Purwakarta (Poerwakarta) is a town and an administrative district (kecamatan) in West Java, Indonesia which serves as the regency seat of the Purwakarta Regency (not to be confused with the district of the same name in Cilegon city). It covers a land area of 24.39 km^{2}, and had a population of 165,447 at the 2010 Census, rising to 179,233 at the 2020 Census; the official estimate as of mid-2023 was 183,813 - comprising 92,178 males and 91,635 females.

The district centre is at Nagri Kaler, and the district is sub-divided into nine urban communities (kelurahan) and one rural village (desa) - the last being Citalang village - all listed below with their areas and populations as of mid-2023, together with their postcodes.

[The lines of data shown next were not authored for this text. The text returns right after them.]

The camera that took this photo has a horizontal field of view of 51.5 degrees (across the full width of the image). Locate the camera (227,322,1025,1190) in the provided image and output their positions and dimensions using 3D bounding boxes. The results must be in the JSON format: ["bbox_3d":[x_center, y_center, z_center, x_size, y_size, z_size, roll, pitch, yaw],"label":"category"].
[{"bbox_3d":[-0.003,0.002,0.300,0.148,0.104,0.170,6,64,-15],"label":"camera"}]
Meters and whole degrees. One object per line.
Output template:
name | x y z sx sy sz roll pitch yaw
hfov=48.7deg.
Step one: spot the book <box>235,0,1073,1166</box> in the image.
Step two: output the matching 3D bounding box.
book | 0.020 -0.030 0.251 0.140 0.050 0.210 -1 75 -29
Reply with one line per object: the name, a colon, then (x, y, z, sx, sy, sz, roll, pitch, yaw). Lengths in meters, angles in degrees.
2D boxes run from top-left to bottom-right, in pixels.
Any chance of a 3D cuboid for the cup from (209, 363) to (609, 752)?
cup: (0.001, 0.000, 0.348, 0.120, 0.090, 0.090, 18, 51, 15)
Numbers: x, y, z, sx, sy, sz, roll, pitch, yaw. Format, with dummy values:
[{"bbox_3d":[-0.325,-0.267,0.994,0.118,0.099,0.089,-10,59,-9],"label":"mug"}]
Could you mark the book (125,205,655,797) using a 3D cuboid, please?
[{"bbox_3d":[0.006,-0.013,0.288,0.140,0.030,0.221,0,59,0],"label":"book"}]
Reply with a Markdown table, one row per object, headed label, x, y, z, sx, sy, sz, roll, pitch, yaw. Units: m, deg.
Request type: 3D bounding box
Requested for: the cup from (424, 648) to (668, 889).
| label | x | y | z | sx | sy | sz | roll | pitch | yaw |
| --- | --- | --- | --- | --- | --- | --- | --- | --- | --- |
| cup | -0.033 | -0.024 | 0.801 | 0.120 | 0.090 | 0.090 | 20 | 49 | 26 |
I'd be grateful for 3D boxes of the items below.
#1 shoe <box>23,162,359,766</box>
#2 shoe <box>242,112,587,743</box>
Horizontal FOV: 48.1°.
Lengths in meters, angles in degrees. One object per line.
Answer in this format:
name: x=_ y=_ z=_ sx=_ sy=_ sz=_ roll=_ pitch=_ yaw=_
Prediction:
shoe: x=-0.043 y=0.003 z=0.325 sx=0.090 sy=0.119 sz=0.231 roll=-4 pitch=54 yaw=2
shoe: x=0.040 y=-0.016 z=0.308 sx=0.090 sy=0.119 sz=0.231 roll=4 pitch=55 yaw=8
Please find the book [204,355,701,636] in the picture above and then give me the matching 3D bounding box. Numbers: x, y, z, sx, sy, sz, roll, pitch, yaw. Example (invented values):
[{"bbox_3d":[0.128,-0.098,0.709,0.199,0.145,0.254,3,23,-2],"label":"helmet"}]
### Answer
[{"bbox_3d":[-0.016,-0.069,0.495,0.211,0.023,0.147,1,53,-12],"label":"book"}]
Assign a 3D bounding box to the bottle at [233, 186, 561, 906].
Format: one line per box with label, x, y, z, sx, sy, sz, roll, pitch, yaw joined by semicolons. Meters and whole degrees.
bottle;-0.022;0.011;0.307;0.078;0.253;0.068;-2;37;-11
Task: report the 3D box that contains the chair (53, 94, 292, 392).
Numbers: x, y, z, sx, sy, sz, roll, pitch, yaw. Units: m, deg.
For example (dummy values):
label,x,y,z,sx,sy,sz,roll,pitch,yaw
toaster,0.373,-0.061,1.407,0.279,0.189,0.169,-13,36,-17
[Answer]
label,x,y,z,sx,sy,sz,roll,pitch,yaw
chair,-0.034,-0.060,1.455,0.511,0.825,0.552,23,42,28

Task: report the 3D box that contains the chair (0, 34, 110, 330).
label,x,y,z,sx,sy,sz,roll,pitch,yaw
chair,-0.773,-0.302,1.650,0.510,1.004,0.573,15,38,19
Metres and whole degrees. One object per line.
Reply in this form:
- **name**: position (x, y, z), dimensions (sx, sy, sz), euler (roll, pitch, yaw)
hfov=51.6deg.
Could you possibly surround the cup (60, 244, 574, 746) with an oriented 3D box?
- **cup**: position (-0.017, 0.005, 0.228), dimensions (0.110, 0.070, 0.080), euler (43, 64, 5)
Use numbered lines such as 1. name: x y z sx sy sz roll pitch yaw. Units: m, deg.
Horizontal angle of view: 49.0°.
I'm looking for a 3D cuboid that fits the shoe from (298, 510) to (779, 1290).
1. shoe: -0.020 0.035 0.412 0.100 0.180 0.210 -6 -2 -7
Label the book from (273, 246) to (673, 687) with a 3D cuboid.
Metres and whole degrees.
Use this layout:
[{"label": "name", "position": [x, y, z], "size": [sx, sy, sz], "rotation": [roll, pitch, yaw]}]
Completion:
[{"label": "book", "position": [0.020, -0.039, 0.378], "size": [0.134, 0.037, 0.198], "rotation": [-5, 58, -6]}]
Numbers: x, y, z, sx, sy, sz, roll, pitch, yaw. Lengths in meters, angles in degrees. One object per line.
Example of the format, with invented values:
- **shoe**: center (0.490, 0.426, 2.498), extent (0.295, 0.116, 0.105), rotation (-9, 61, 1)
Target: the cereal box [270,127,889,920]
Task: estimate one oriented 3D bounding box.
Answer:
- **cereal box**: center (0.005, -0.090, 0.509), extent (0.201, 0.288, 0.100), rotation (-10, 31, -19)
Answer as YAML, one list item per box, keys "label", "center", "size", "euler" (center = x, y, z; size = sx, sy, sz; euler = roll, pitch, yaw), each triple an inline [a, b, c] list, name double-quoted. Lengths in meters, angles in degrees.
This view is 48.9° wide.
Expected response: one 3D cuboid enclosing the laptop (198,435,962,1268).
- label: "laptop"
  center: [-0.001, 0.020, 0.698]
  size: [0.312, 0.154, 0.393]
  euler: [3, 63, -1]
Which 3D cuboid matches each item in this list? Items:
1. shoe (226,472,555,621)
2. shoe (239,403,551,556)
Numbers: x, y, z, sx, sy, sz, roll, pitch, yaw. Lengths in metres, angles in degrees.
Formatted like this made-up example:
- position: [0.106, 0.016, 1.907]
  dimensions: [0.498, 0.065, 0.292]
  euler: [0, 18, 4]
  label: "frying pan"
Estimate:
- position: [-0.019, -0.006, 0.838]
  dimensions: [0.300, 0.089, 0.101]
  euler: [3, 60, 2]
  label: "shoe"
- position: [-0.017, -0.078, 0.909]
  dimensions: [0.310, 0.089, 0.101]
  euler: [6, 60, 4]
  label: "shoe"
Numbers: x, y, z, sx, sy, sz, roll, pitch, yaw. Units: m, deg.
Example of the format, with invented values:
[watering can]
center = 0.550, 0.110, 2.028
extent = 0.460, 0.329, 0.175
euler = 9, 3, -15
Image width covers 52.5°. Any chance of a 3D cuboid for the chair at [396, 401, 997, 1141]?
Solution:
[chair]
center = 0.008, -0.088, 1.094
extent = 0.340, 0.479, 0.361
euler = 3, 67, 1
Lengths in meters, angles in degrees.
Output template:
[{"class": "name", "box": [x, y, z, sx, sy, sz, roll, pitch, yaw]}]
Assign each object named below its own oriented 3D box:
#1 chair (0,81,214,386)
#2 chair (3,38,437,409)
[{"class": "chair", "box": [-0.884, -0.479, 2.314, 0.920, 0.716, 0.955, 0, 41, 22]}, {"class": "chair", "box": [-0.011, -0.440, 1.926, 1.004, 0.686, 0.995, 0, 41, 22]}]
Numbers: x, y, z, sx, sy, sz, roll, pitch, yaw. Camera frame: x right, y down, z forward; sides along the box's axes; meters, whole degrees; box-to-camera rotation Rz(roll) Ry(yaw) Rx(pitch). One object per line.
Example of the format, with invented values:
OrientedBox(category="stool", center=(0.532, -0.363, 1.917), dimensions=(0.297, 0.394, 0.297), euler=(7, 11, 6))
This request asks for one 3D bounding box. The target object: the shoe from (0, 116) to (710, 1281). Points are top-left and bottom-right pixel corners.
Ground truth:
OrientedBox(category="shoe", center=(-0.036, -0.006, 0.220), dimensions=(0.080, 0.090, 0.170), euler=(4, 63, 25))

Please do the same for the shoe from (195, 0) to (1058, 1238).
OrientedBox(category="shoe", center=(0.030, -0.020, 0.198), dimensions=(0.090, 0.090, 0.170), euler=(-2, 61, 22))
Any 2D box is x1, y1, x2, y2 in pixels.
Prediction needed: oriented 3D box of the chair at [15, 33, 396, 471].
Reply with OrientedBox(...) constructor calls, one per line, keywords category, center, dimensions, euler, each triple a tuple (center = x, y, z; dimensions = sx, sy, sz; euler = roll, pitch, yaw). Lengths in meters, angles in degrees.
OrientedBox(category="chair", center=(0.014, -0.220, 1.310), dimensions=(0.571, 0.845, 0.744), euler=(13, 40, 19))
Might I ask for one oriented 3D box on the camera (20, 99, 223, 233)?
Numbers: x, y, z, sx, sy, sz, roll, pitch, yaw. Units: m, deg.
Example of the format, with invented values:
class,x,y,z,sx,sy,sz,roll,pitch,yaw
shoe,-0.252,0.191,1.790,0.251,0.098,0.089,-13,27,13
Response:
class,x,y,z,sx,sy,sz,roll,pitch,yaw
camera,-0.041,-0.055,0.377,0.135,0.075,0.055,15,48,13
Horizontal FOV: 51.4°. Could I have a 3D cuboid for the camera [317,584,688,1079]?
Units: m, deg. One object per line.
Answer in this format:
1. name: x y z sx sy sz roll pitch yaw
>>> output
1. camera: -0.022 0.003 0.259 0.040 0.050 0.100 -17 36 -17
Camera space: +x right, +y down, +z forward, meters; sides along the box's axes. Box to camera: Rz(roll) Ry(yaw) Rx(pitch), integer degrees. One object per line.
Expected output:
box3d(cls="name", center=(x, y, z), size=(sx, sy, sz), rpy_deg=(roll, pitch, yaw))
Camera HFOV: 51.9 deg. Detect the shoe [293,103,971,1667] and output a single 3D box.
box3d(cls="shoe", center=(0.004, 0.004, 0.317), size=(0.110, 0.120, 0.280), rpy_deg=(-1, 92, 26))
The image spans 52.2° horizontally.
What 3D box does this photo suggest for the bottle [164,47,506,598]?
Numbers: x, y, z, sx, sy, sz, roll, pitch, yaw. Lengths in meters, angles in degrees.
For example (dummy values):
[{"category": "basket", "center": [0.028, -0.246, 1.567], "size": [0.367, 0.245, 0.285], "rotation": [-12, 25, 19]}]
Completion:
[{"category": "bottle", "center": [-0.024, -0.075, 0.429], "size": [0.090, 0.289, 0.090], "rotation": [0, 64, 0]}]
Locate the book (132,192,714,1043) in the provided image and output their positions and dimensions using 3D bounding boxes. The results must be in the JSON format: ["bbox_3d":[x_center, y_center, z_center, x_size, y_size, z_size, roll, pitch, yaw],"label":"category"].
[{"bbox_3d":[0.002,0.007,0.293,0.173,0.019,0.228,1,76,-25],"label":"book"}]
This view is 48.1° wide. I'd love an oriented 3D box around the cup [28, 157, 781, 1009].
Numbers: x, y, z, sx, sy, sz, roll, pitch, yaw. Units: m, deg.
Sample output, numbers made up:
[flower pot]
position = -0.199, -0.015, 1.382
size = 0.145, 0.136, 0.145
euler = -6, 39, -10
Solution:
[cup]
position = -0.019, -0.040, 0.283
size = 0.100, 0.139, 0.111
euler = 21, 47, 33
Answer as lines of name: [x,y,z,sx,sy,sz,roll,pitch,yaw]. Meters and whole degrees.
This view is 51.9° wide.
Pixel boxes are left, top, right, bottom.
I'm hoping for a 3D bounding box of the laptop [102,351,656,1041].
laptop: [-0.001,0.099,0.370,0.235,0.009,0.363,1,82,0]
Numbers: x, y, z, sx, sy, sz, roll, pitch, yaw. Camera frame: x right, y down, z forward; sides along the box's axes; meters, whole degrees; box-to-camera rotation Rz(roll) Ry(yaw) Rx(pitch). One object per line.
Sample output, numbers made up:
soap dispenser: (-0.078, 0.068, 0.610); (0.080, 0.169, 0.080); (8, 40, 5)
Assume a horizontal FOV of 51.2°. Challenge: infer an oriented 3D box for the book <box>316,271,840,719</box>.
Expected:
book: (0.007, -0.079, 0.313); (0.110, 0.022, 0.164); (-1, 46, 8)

| Kode Wilayah | Name of kelurahan or desa | Area in km^{2} | Population mid 2023 estimate | Post code |
|---|---|---|---|---|
| 32.14.01.1001 | Nagri Kidul (East Karawang) | 2.23 | 16,029 | 41111 |
| 32.14.01.1002 | Nagri Kaler (East Adiarsa) | 1.73 | 24,562 | 41115 |
| 32.14.01.1003 | Nagri Tengah | 1.92 | 11,472 | 41114 |
| 32.14.01.1004 | Sindangkasih | 1.52 | 21,049 | 41112 |
| 32.14.01.1005 | Cipaisan | 1.36 | 12,622 | 41113 |
| 32.14.01.1006 | Purwamekar | 1.83 | 10,320 | 41119 |
| 32.14.01.1007 | Ciseureuh | 3.79 | 39,056 | 41118 |
| 32.14.01.1008 | Tegalmunjul | 2.79 | 15,527 | 41116 |
| 32.14.01.1009 | Munjuljaya | 3.83 | 21,475 | 41117 |
| 32.14.01.2010 | Citalang | 3.39 | 11,701 | 41111 |
| 32.14.01 | Totals | 24.39 | 183,813 |  |

==History==
Purwakarta's existence is inseparable from the history of the struggle against the forces of the Dutch East India Company (Dutch: Vereenigde Oostindische Compagnie, VOC, "United East India Company"). Around the beginning of the 17th century Sultan of Mataram sent an army led by the Regent of Surabaya and West Java. One aim was to subdue the Sultan of Banten. But in a way that clashed with VOC forces had to withdraw.

After the second expedition was sent back from the troops under the command of Mataram Dipati Ukur and suffered the same fate. To prevent the territorial expansion of the company (VOC), the Sultan of Mataram sent Penembahan Galuh Ciamis named RAA Wirasuta the title Duke or Duke Panatayuda Kertabumi III to occupy Rangkas Sumedang (Eastside Citarum). It also set up defenses in Tanjungpura, Adiarsa, Parakansapi, and Kuta games. After the fort was founded Kertabumi III Duke then returned to Galuh and died. Name Rangkas, Sumedang itself turned into Karawang because of the marshy condition of the area (Sunda: "Karawaan").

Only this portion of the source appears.